Implementing TA 2.1 requires integrating NXP's security software utilities into your embedded software build system (such as Yocto Project). NXP CST (Cryptographic Tool Suite)
TA 2.1 supports RSA 4K or ECC P-256. We will use RSA 4K as the default.
Based on associated documentation and public summaries, this architecture version includes:
High-speed processing for AES, DES, and 3DES. qoriq trust architecture 2.1 user guide
The QorIQ Trust Architecture is NXP’s name for the product line’s architecture for achieving a trusted partition. In the context of the chip's implementation, if developers properly leverage the hardware hooks, "trust" means that the software loaded during manufacturing or authorized updates is the exact software that executes following system boot.
The watches for:
: If the signature matches, the code is executed; otherwise, the device enters a "Secure Check Fail" state and stops. Accessing Documentation Implementing TA 2
If the hashes match, the ISBC uses the public key to verify the digital signature of the ESBC.

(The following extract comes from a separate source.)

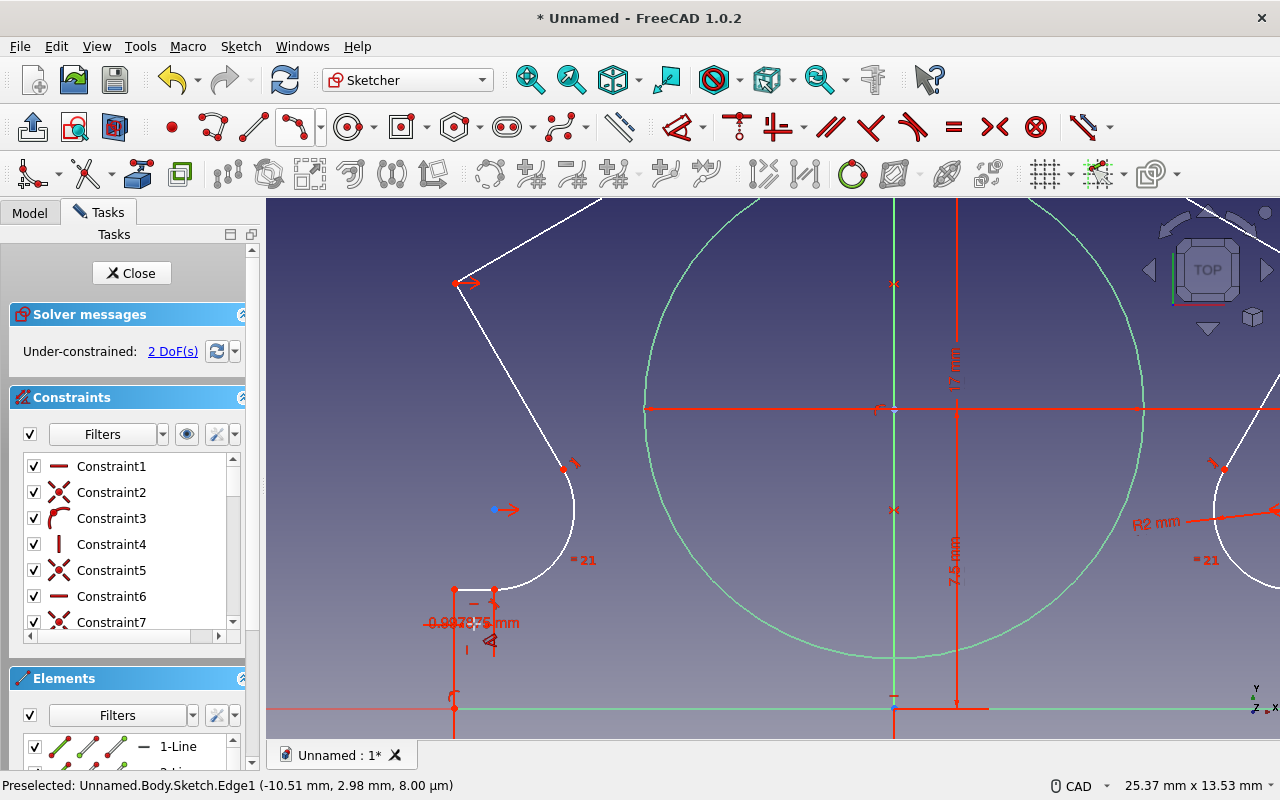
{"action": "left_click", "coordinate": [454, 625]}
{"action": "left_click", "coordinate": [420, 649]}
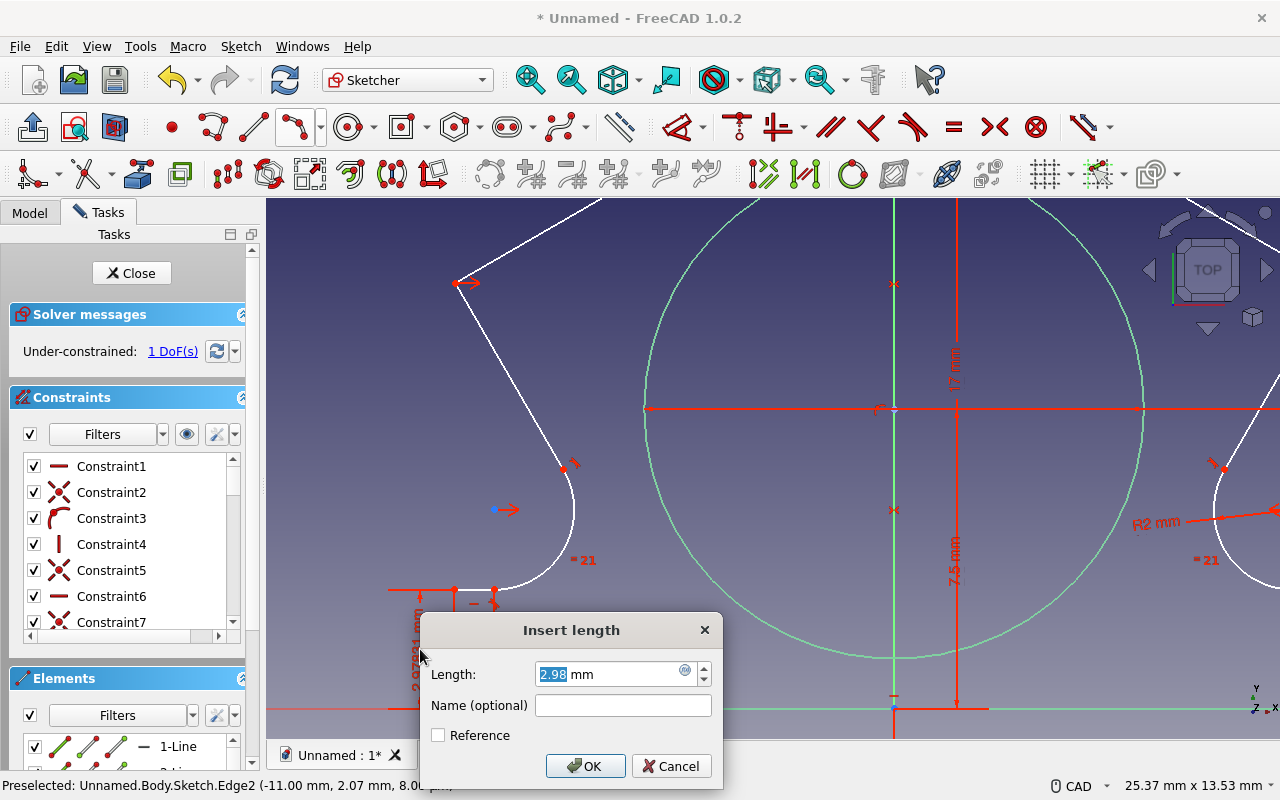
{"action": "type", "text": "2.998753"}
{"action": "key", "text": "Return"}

Hardware-based entropy generation compliant with NIST SP800-90A. Internal Secure Memory (SFP and SNVS)
Using the CST, wrap your bootloader (e.g., u-boot.bin ) with a . This header contains the public key, the signature of the image, and the load addresses. Step 3: Fuse Blowing (Development vs. Production) Based on associated documentation and public summaries, this
To implement the 2.1 architecture, several hardware modules work in tandem: A. Internal Secure Boot Code (ISBC)
A dedicated hardware block that controls boot sequence, reset reasons, and lifecycle transitions. It is isolated from the main CPU cores.